The continuing rise of e-Commerce points to further growth in individual shipments from abroad. It would of course be impossible to inspect every box, which is precisely why an analysis-based system is both necessary and effective. And arguments that the USPS can't afford the added cost burden don't hold up, because this digital technology is both inexpensive and widely available. Moreover, according to a 2015 study, requiring advance electronic data on postal shipments could produce $1.1 billion per year in revenue, in the form of customs duties and fees that go uncollected today.
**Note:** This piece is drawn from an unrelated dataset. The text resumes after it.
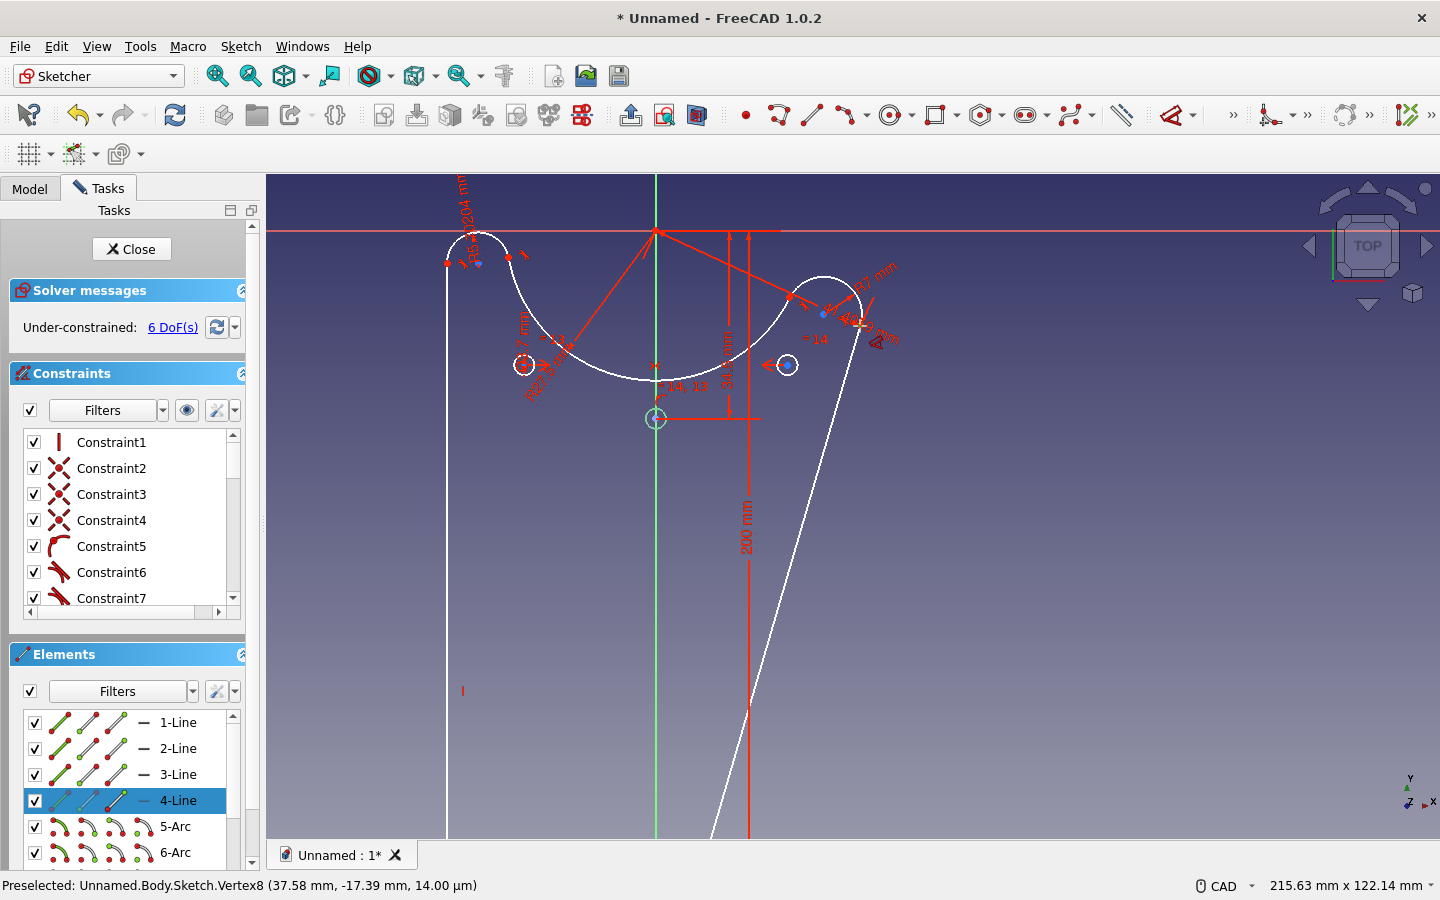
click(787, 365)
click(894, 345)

Improved security since September 11, 2001, has not come from one or even a small number of measures, but from scores of changes in laws, public processes, greater coordination among interested parties, and more. Closing this postal loophole is one more critical step. It's past time for President Obama and Congress to tell the Department of Homeland Security and the Treasury Department to require foreign postal services to submit customs and advance electronic data on parcels bound for the U.S., and for the U.S. Postal Service to comply. Closing this security gap will help prevent dangerous and illegal goods from entering the country, and help keep citizens safe from foreign terrorists sending bad stuff in a plain brown wrapper.